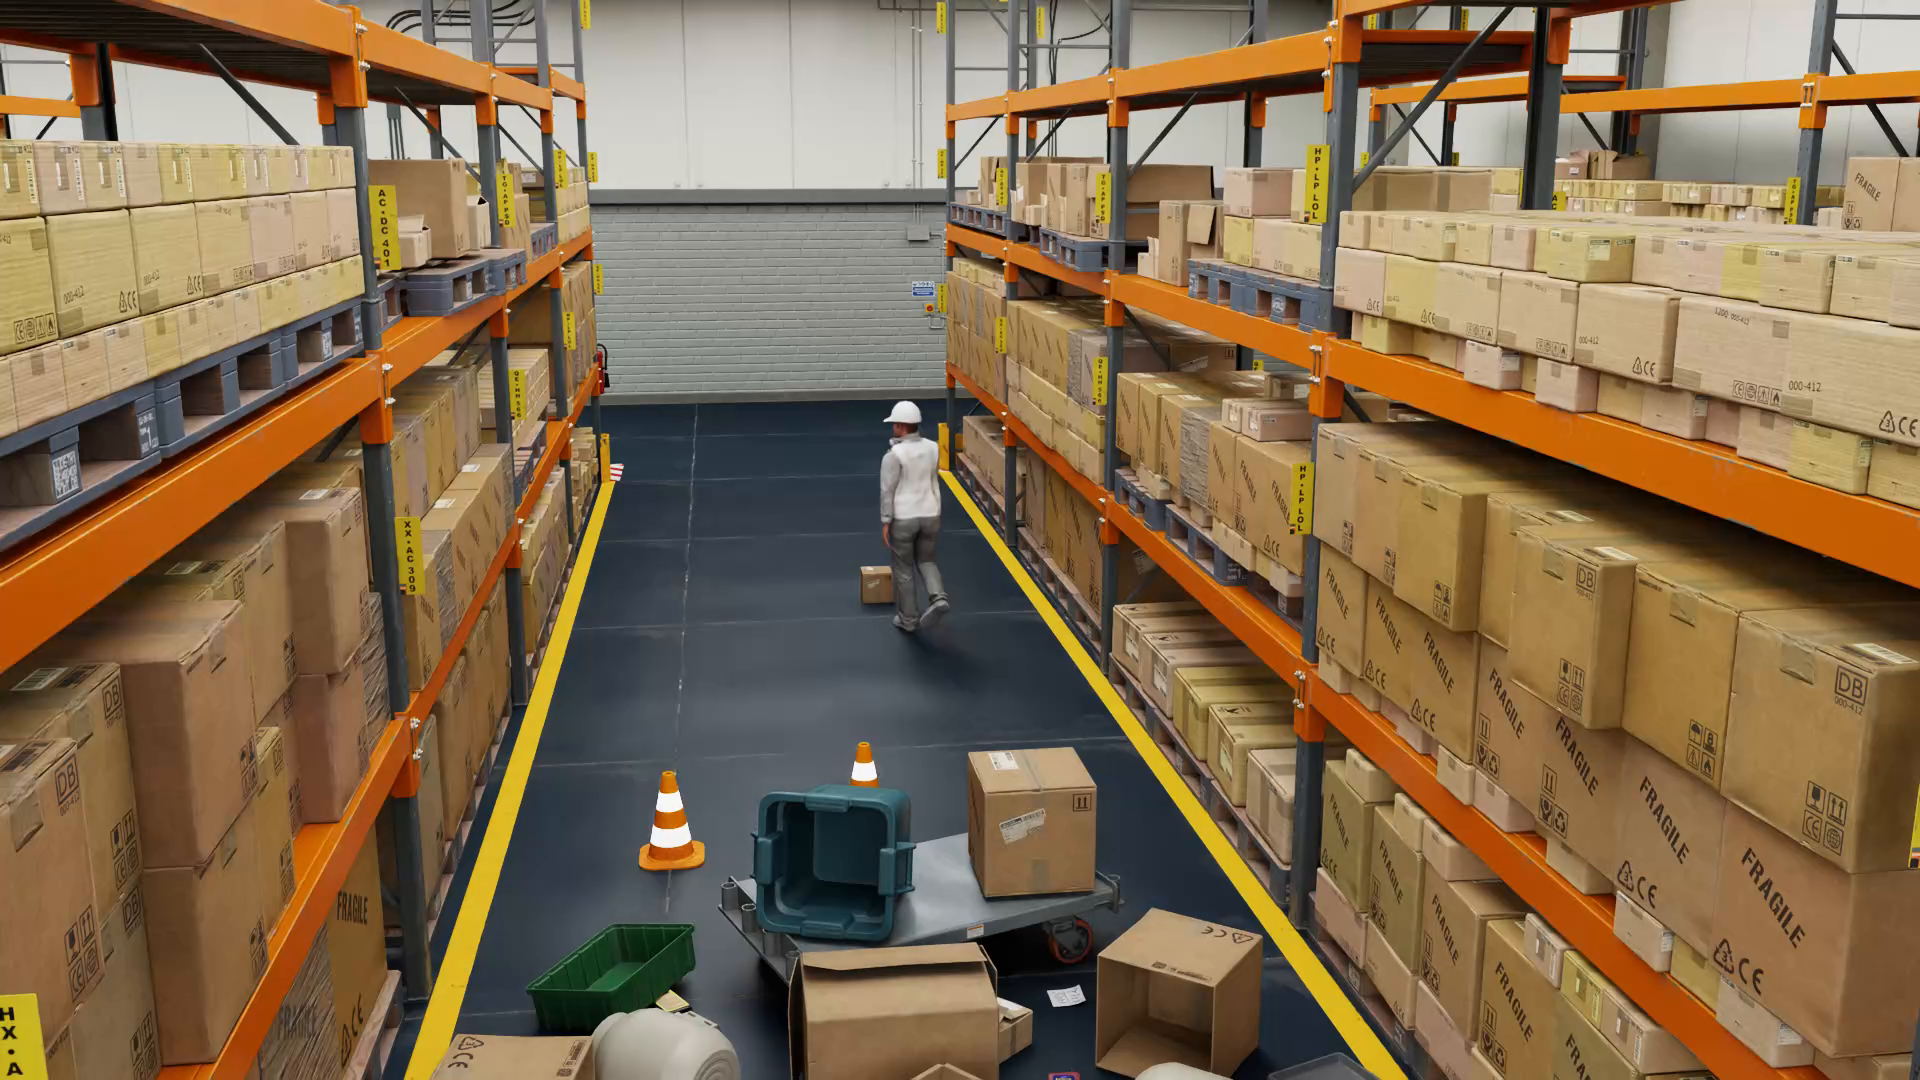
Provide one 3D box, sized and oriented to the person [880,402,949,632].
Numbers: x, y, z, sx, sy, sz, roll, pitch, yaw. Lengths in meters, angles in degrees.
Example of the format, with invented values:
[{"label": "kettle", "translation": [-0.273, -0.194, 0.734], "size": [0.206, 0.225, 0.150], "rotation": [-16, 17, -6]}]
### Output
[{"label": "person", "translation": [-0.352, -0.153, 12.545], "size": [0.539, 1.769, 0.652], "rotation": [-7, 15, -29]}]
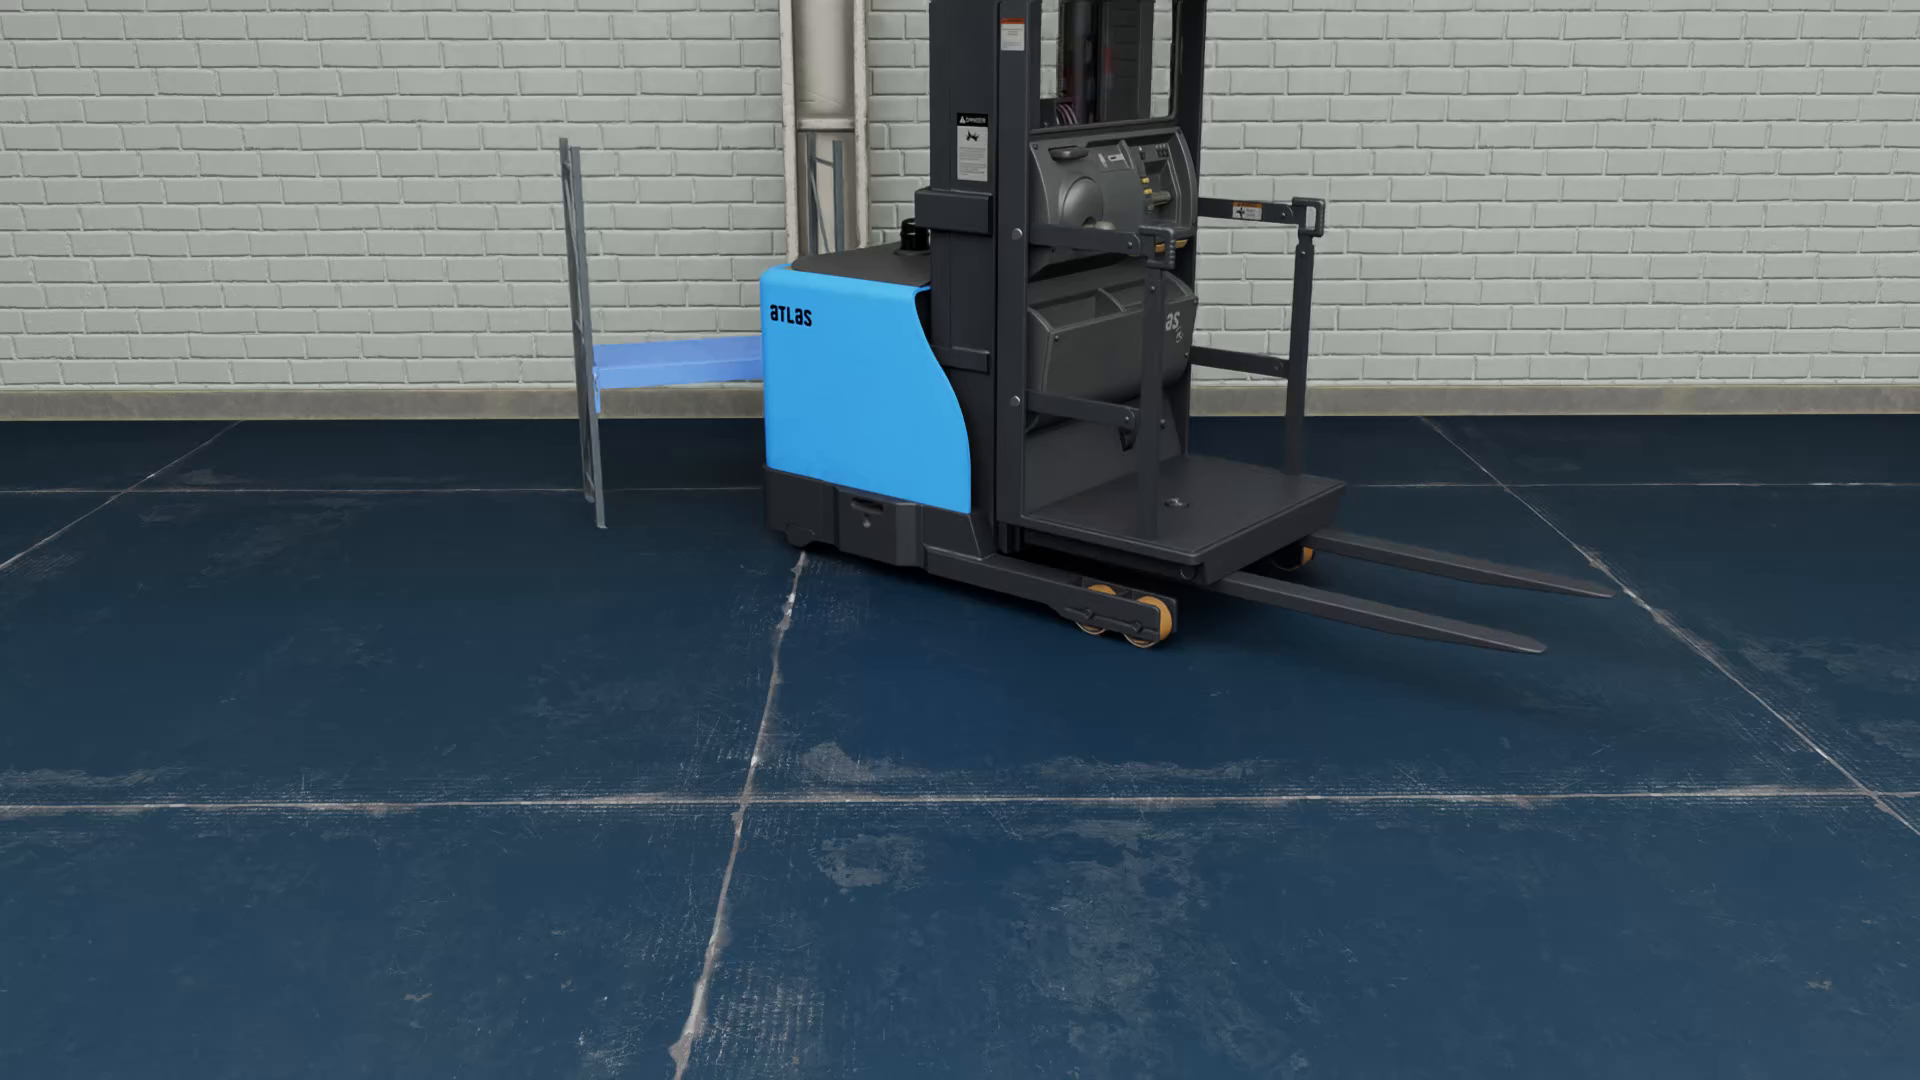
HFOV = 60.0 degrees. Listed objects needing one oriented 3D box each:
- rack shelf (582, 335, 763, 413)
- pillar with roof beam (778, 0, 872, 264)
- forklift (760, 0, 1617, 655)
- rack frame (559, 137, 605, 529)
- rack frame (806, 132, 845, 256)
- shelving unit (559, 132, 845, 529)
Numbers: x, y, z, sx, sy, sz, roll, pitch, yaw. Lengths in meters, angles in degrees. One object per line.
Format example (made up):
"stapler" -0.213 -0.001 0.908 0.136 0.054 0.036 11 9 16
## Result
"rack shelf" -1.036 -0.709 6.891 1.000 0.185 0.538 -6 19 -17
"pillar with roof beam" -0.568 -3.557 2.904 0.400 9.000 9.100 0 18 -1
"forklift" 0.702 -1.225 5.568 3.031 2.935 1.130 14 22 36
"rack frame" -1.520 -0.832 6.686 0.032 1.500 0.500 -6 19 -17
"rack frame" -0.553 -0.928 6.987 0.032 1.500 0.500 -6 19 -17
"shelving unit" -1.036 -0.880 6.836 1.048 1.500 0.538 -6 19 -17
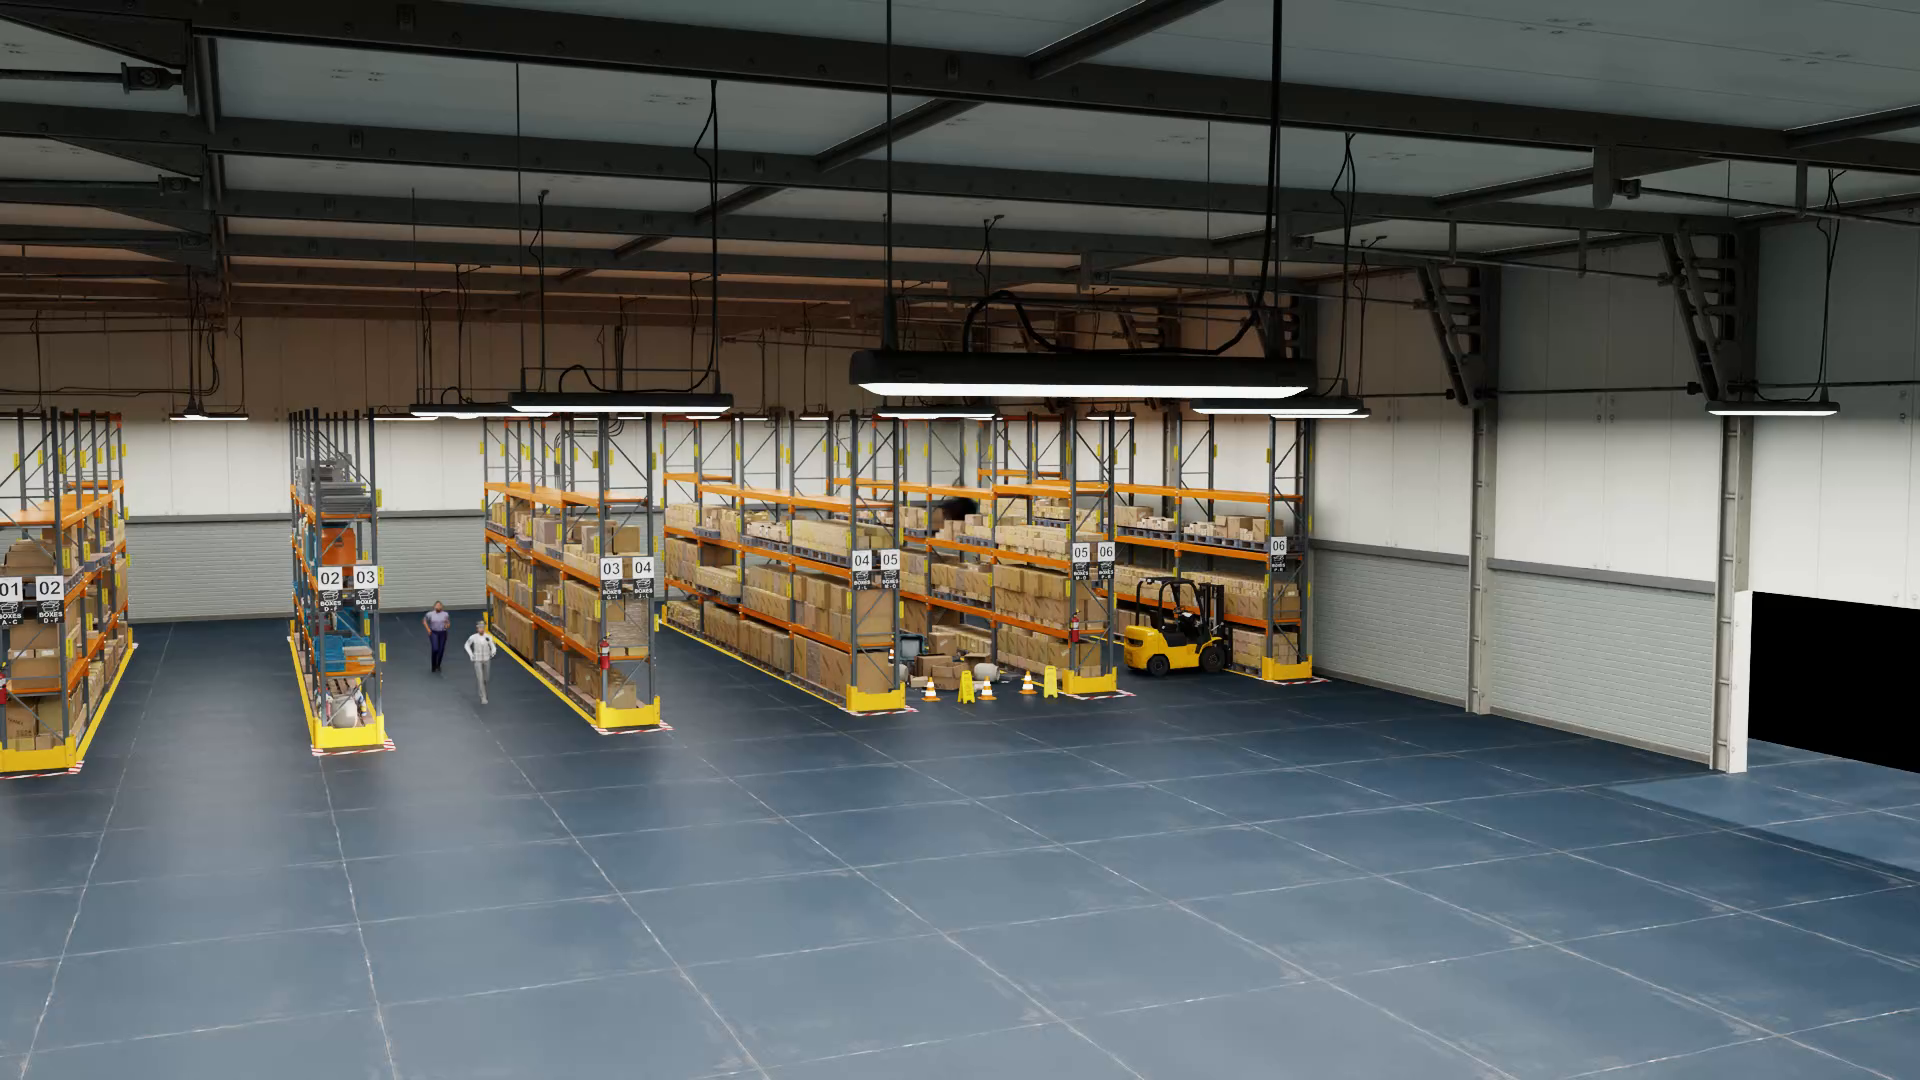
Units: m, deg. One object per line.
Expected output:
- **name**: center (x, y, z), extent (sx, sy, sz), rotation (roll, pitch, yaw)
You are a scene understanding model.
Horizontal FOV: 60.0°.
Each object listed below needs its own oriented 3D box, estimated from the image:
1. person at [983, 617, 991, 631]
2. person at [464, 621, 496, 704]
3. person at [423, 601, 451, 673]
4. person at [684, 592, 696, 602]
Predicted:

....

● Task requirements: Each entry above is to be restated exactly, without its images.

● Output for this exercise:
Provide one 3D box, sized and oriented to the person [880,402,949,632].
Numbers: x, y, z, sx, sy, sz, roll, pitch, yaw. Lengths in meters, angles in degrees.
Example of the format, with invented values:
[{"label": "kettle", "translation": [-0.273, -0.194, 0.734], "size": [0.206, 0.225, 0.150], "rotation": [-16, 17, -6]}]
### Output
[{"label": "person", "translation": [-0.352, -0.153, 12.545], "size": [0.539, 1.769, 0.652], "rotation": [-7, 15, -29]}]
HFOV = 60.0 degrees. Listed objects needing one oriented 3D box each:
- rack shelf (582, 335, 763, 413)
- pillar with roof beam (778, 0, 872, 264)
- forklift (760, 0, 1617, 655)
- rack frame (559, 137, 605, 529)
- rack frame (806, 132, 845, 256)
- shelving unit (559, 132, 845, 529)
Numbers: x, y, z, sx, sy, sz, roll, pitch, yaw. Lengths in meters, angles in degrees. One object per line.
Format example (made up):
"stapler" -0.213 -0.001 0.908 0.136 0.054 0.036 11 9 16
## Result
"rack shelf" -1.036 -0.709 6.891 1.000 0.185 0.538 -6 19 -17
"pillar with roof beam" -0.568 -3.557 2.904 0.400 9.000 9.100 0 18 -1
"forklift" 0.702 -1.225 5.568 3.031 2.935 1.130 14 22 36
"rack frame" -1.520 -0.832 6.686 0.032 1.500 0.500 -6 19 -17
"rack frame" -0.553 -0.928 6.987 0.032 1.500 0.500 -6 19 -17
"shelving unit" -1.036 -0.880 6.836 1.048 1.500 0.538 -6 19 -17
Units: m, deg. One object per line.
Expected output:
- **name**: center (x, y, z), extent (sx, sy, sz), rotation (roll, pitch, yaw)
You are a scene understanding model.
Horizontal FOV: 60.0°.
Each object listed below needs its own oriented 3D box, estimated from the image:
1. person at [983, 617, 991, 631]
2. person at [464, 621, 496, 704]
3. person at [423, 601, 451, 673]
4. person at [684, 592, 696, 602]
Predicted:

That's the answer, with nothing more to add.